La Cour était composée de :
Monsieur Jean-Wilfrid NOEL, Président
Mme Claire OUGIER, Présidente de chambre
Mme Magali VINCENT, Conseillère
qui en ont délibéré.
Greffier lors des débats : Madame Laure METGE.
Les parties ont été avisées que le prononcé de la décision aurait lieu par mise à disposition au greffe, après prorogation, le 09 Octobre 2025.
ARRÊT
Contradictoire,
Prononcé par mise à disposition au greffe le 09 Octobre 2025,
Signé par Monsieur Jean-Wilfrid NOEL, Président et Madame Laure METGE, greffier auquel la minute de la décision a été remise par le magistrat signataire.
***
FAITS ET PROCEDURE
M. [D] [L] est titulaire d’un compte ouvert dans les livres de la Société Générale.

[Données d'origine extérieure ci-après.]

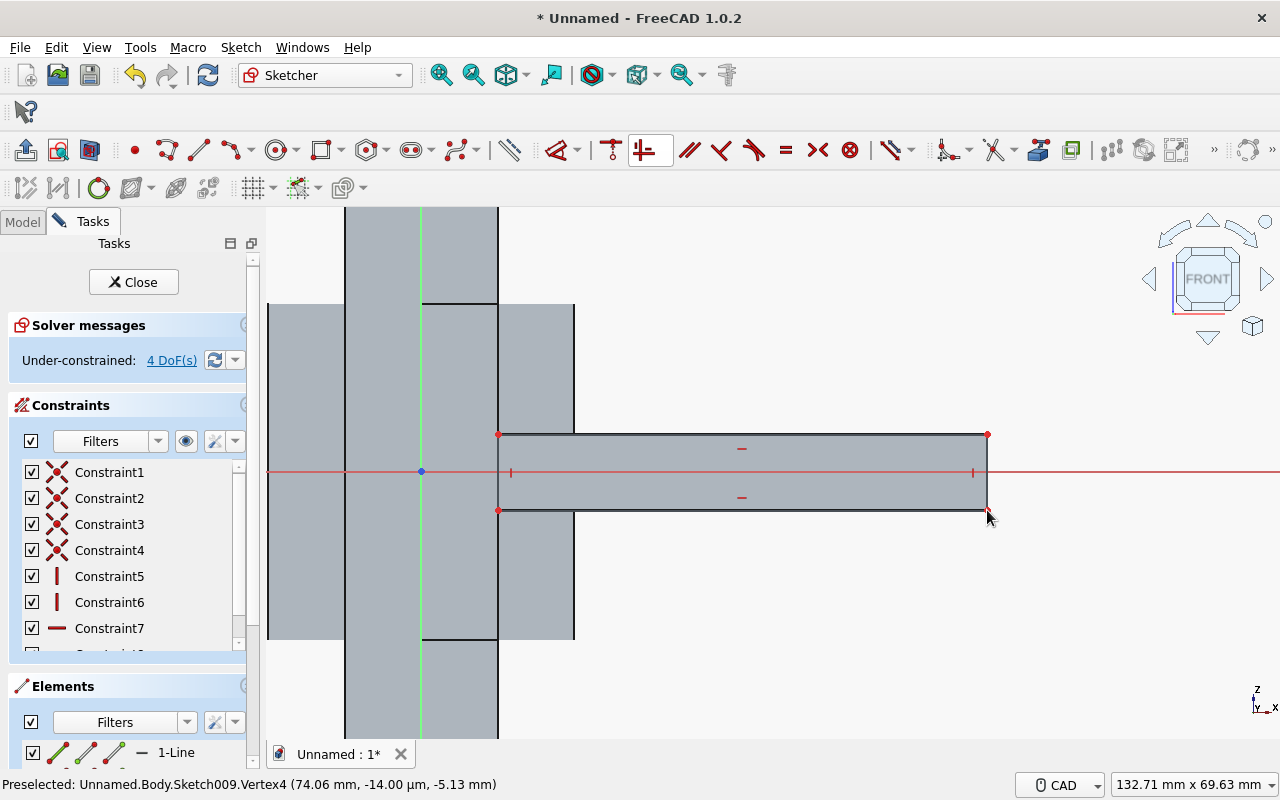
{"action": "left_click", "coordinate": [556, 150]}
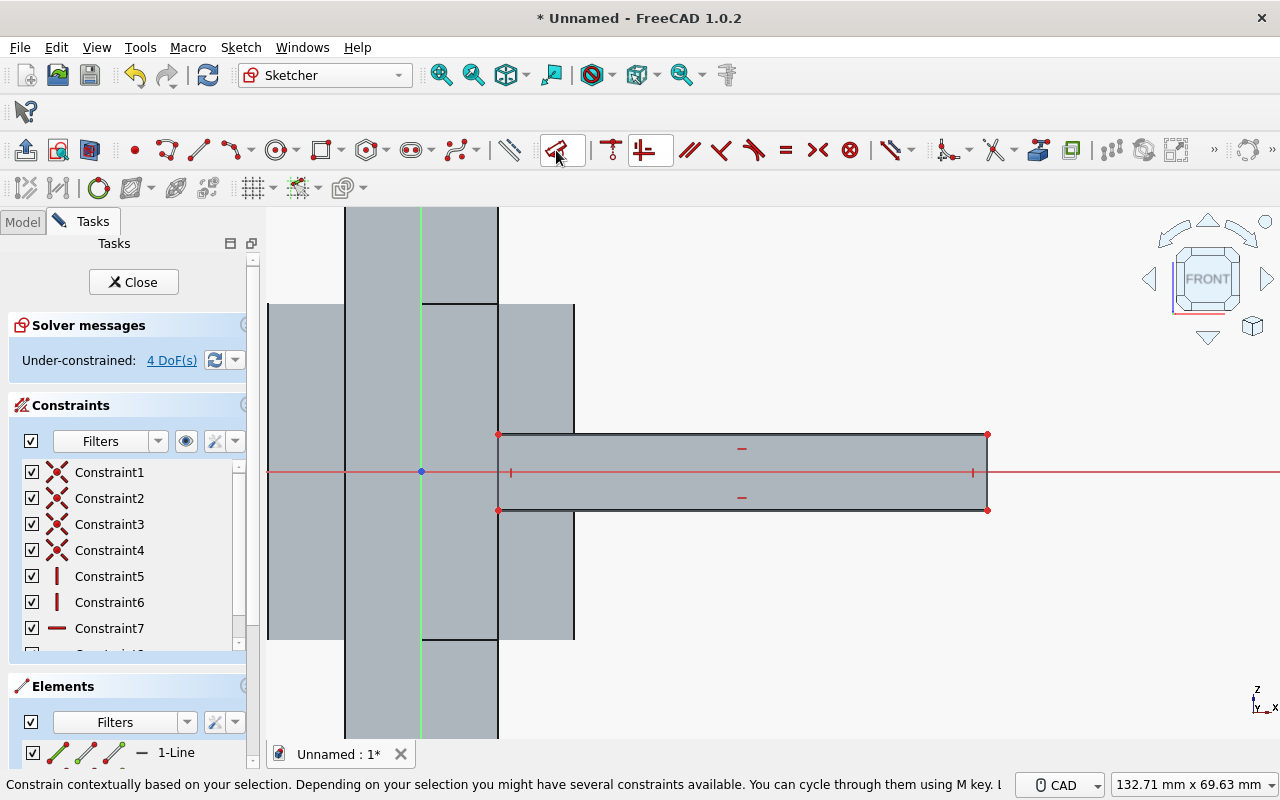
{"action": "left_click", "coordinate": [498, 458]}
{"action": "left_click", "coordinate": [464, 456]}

Par exploit du 1er août 2017, il a fait assigner cette banque devant le tribunal de grande instance de Nice aux fins de la voir condamner sous astreinte à lui communiquer les relevés et pièces comptables permettant de déterminer de quelle manière et sur quel compte a été crédité un chèque tiré sur la Caisse des règlements pécuniaires des avocats (CARPA), d’un montant de 200 000 euros, libellé à son ordre et qu’il disait avoir déposé auprès de la banque pour encaissement sur son compte.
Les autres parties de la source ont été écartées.